Limits on the False Claims Act

Though the False Claims Act is a powerful tool to combat fraud, it is a tool that is sharply constrained by both the law and economics of litigation.

Tax issues are not covered by the False Claims Act.

For a civil case to be filed, the fraud has to reach a certain size, otherwise it is generally not worth it for the relator to risk his or her career to file suit, nor is it worth it for a law firm to take on the case and risk the loss of the enormous time and expense that a False Claims Act represents.

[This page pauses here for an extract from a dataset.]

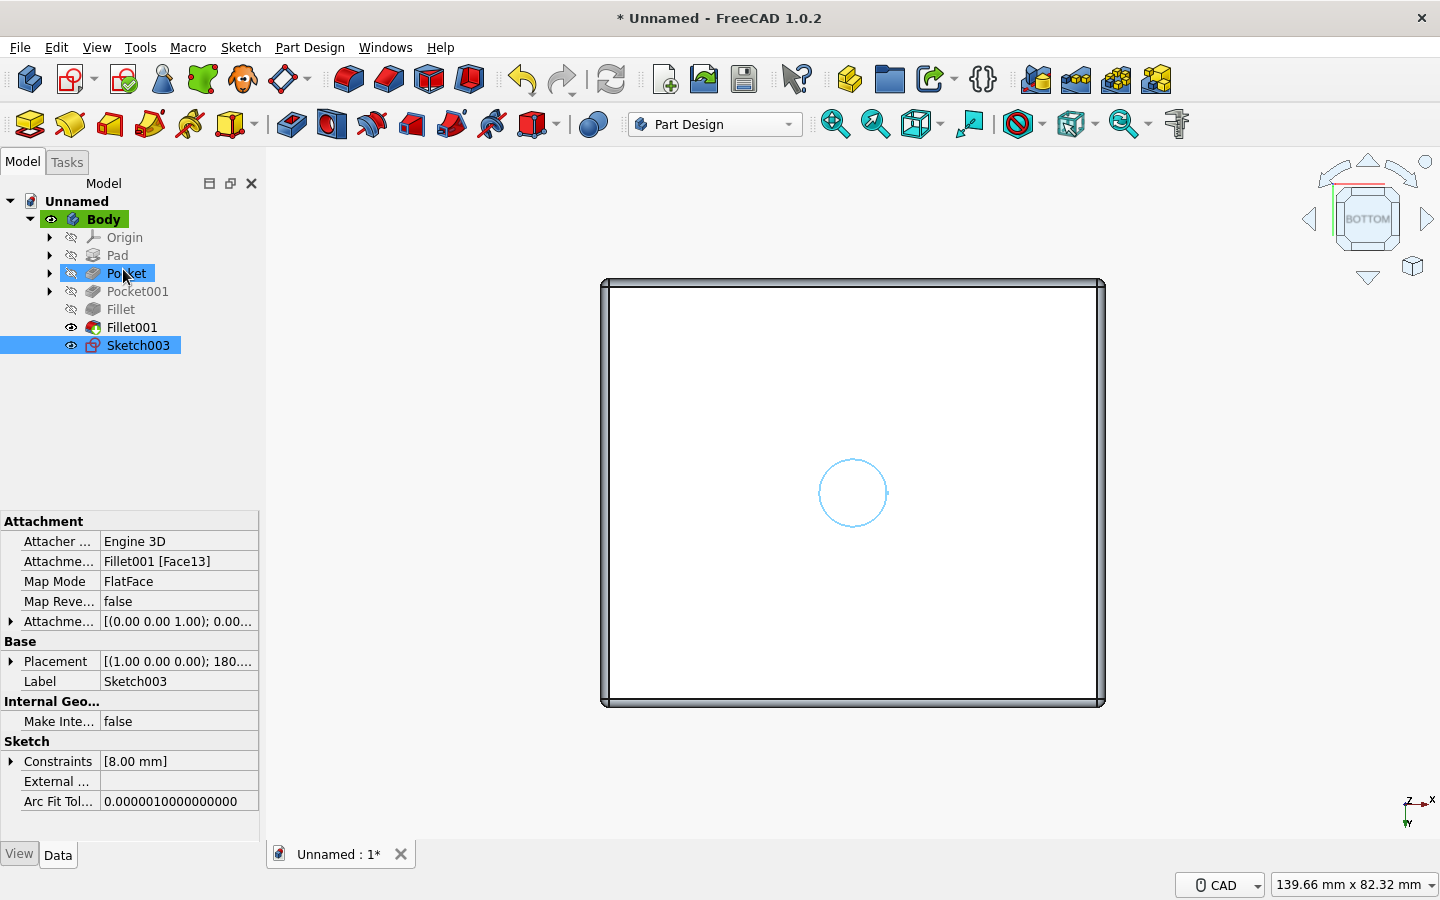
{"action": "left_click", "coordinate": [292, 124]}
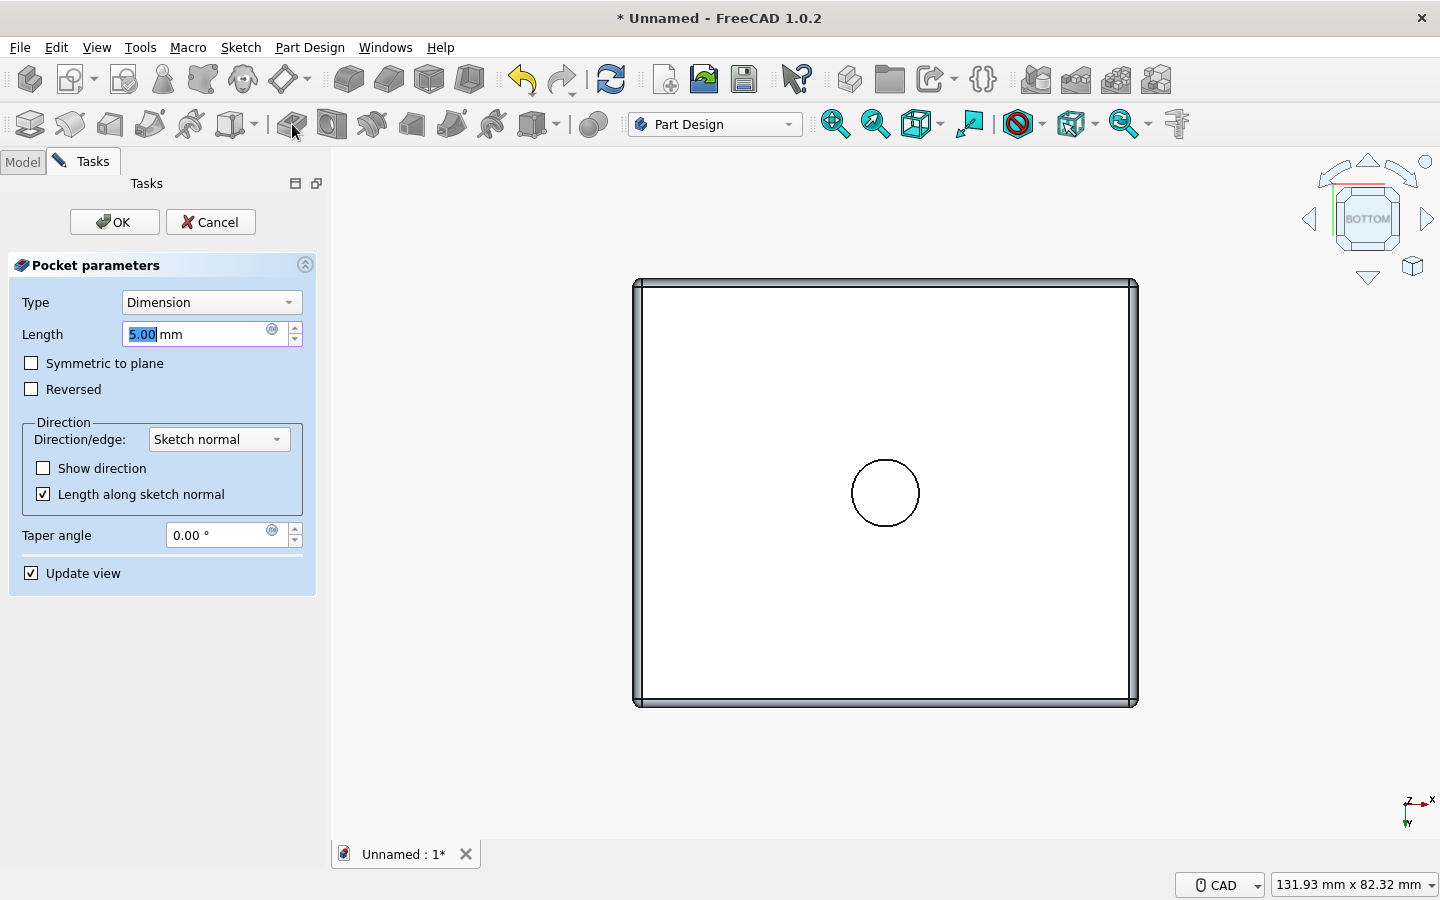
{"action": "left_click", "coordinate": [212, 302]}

A defendant in a False Claims Act has to have relatively deep pockets. Many of the smaller companies that may be defrauding the government are liable to declare bankruptcy if faced with the triple damages that can be levied under the False Claims Act.

A law firm that take on a False Claims Act case must believe it has a very strong case in order to proceed. Not only can a firm be out time and money, but if the government does not take the case and the whistleblower proceeds, he or she can be forced to pay the defendants attorney's fees if the court finds that the claim was frivolous or brought primarily for purposes of harassment.

State False Claims Acts

In addition to the Federal False Claims Act, a number of states also have False Claims Acts that work to discourage frauds perpetrated against state governments. States with False Claims Acts include: California, Delaware, the District of Columbia, Florida, Hawaii, Illinois, Louisiana, Massachusetts, Nevada, New Mexico, Tennessee, Texas, and Virginia.